The two actors first met, albeit briefly, while shooting 1998's Shakespeare In Love. Only on the junket to New York did they get better acquainted. "We got along like a house on fire," Rush says. "Colin's hilarious. He's just the best friend. He's become a genuine friend through this whole process."
It's a process which dates back to the mid-80s for screenwriter David Seidler who wrote his initial draft for the stage before producers took it to Rush and Hooper a few years ago. According to a recent article in the Daily Mail, the Queen Mother (played by Bonham Carter) decreed she did not want an adaptation of the Abdication Crisis made during her lifetime.
As for whether Rush thinks the Royal Family will want to watch The King's Speech, set for Canadian release in early December, his eyes pop out as if asked whether God exists. "We would never know," he says. "But you do try and imagine them sitting and watching it" (Prince Charles was four years old when the King died in 1952).
Not surprisingly, the Logue family is thanked in the credits. Rush says he had the opportunity to meet Mark, Lionel's grandson who is now in his mid-40s.
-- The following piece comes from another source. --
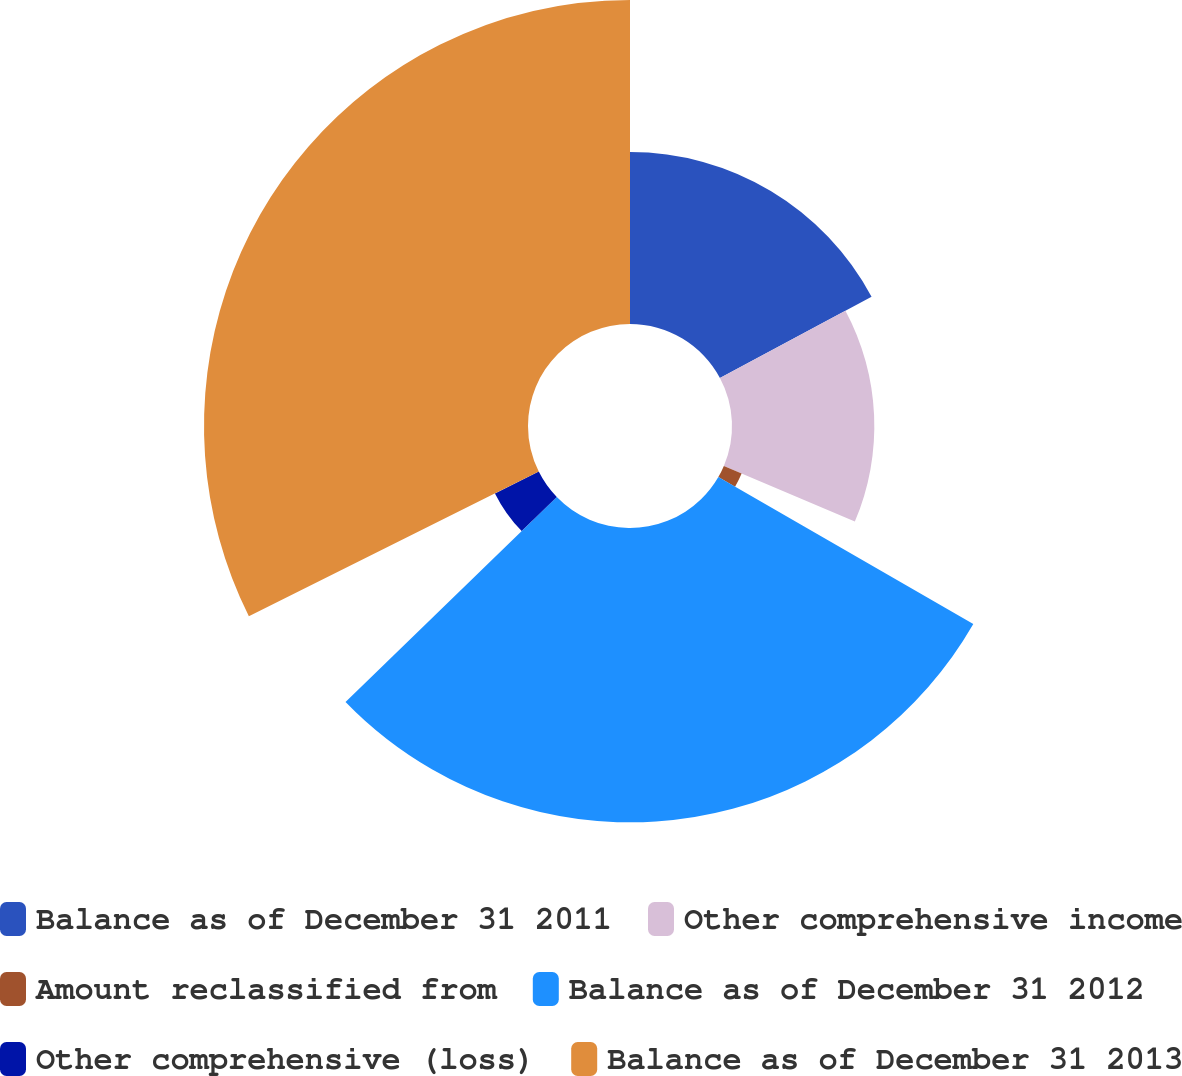<chart> <loc_0><loc_0><loc_500><loc_500><pie_chart><fcel>Balance as of December 31 2011<fcel>Other comprehensive income<fcel>Amount reclassified from<fcel>Balance as of December 31 2012<fcel>Other comprehensive (loss)<fcel>Balance as of December 31 2013<nl><fcel>17.18%<fcel>14.22%<fcel>1.93%<fcel>29.41%<fcel>4.89%<fcel>32.37%<nl></chart> 
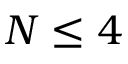Convert formula to latex. <formula><loc_0><loc_0><loc_500><loc_500>N \leq 4</formula> 
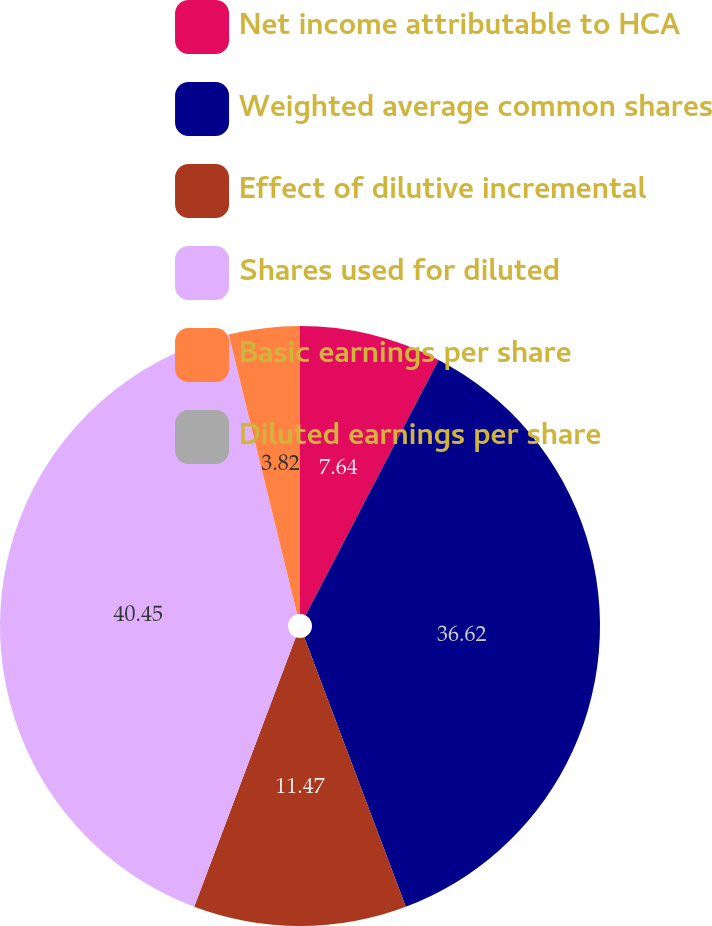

Holding the rare "Triple Crown of Acting" (an Oscar, an Emmy and a Tony), Rush admits he is not yet sure whether he will be back for TIFF next year. He is currently shooting the fourth instalment of Pirates of the Caribbean: On Stranger Tides, and has a Korean western film called The Warrior's Way on its way to theatres this winter. Oh, and he happened to casually mention that he is in the midst of developing a screenplay for The Drowsy Chaperone, the Canadian musical that has become an international sensation.
When Rush occasionally stutters during our interview, it's mostly to process his thoughts. He does, however, point out there's a small slip-up in his on-screen performance of a Richard III speech. "They actually used that take," he says, in disbelief. "I was nervous because I was doing Shakespeare in front of other English actors."
Highly doubtful. And still s-s-smooth.